Freeland lost the argument, and now Dominic LeBlanc, Trudeau’s close childhood friend, is the new finance minister.
But the big winner with today’s extraordinary turn of events was Conservative Leader Pierre Poilievre. Presented with a startling opening by Freeland’s critique of the PM, he pounced like a cat.
Poilievre reminded Canadians that 24 Liberal MP dissidents had already lost confidence in Trudeau — and now add to that list his finance minister. Trudeau had lost control of everything, from crime, immigration, inflation, the deficit and even his own caucus, causing “the worst chaos in the Government of Canada.”

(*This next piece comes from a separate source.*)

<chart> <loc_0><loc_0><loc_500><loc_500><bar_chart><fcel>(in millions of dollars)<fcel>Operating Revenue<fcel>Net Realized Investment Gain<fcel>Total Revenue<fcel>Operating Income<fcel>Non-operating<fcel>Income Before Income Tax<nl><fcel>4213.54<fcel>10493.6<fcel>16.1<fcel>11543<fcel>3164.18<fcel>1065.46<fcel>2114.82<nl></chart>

Poilievre also took the opportunity to skewer NDP Leader Jagmeet Singh for his ongoing support of the minority Liberal government. He invited Singh to put Canada first instead of his pension. It was time, he said, for the NDP to bring down a government that had totally lost the confidence of the country.
Singh appeared to be listening. Today in question period, he asked the PM to resign immediately, claiming Trudeau was focused on in-fighting within his own party rather than the tough times Canadians are facing.
Without the NDP’s support, this government is toast.
The most prophetic words in Freeland’s bitter goodbye to cabinet were these: “Inevitably, our time in government will come to an end.”
After this day’s momentous events, that time will be sooner rather than later.
Some say that the incoming president, who has just been named Time Magazine’s Person of the Year, is just too powerful to provoke. I would remind readers that the same magazine made Adolf Hitler Man of the Year in 1938.
Back then, a lot of people thought Hitler too could be appeased. That world leaders could go along to get along with Germany’s demagogue. Everyone knows where that led.